韓国の反日は昔からで、最近ことさら盛り上がっているわけではない。マスコミや政治・外交を除けば街では反日は見当たらない。「反日慣れ」した一般国民は「それはそれ、これはこれ」で“日本”を楽しんでいる。
しかし日本では、なにかと韓国が目に付くようになったせいか、昔の差別・偏見とはまた違った新たな反韓が起きているようだ。ソウルから眺めると、今や韓国の反日より「それはそれ、これはこれ」が通用しなくなった日本の反韓の方が気になる。
「韓国人は世界一反日で世界一親日」というのがかねてからの筆者の持論だ。たとえば韓国は昔から世界でもっとも日本料理店が多く、世界でもっとも日本料理が好きな人たちだ。
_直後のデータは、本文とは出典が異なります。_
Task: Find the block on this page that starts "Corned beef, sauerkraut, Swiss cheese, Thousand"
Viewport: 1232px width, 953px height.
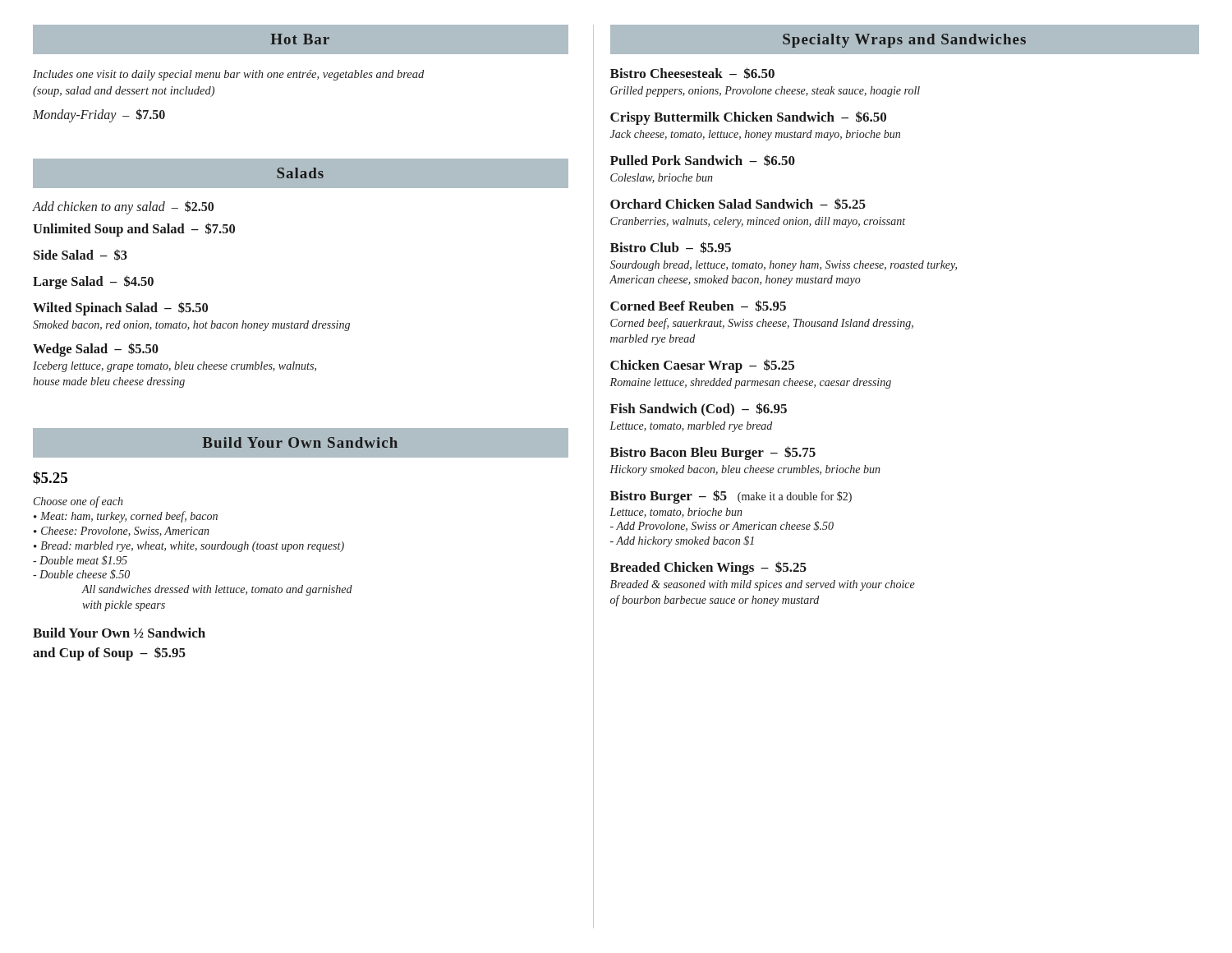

韓国では日本料理を「日式(イルシク)」といってきた。韓国料理は「韓式」で洋食は「洋式」だ。ところがこれまで韓国の日本料理には問題があった。
北京勤務からソウル勤務になった日本人ビジネスマンは「日本料理は北京の方がうまい」とよく言っていた。つまり韓国の日本料理は韓国化されたところがあって本物を食った気がしないというのだ。たしかに日本料理にキムチや生ニンニクは合わないし、刺身も白身だけを山盛りにされては日本料理にならない。
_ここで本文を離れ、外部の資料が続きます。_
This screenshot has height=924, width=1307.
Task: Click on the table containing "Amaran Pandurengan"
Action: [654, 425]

韓国の日本料理は大衆化し過ぎて韓国風にアレンジされたため、不味くなってしまった。一方、中国では日本料理は完全に外国料理として存在しているため、本場に近くてうまいというわけだ。
韓国はそれがわかったのか、近年、新たな和食ブームが起こっている。豊かになって本物(つまりブランド)志向が強まったのだ。和食の「美しさ」や「ヘルシーさ」は韓国社会に洗練されたものとして圧倒的人気なのだ。
政界は反日が大好きなのに昔から会食となると「日式」料理店を好んで使った。今でもそれは変わらないが、行く店が変わった。みんな高級寿司屋でやっている。大衆には回転寿司や和風居酒屋が大人気で、特に若いカップルにはそれがカッコいいデートコースになっている。屋号も純和風の平仮名が多く、赤提灯となって軒下にかかっている。大学の周辺など若者街ではラーメン、タコヤキも定着した。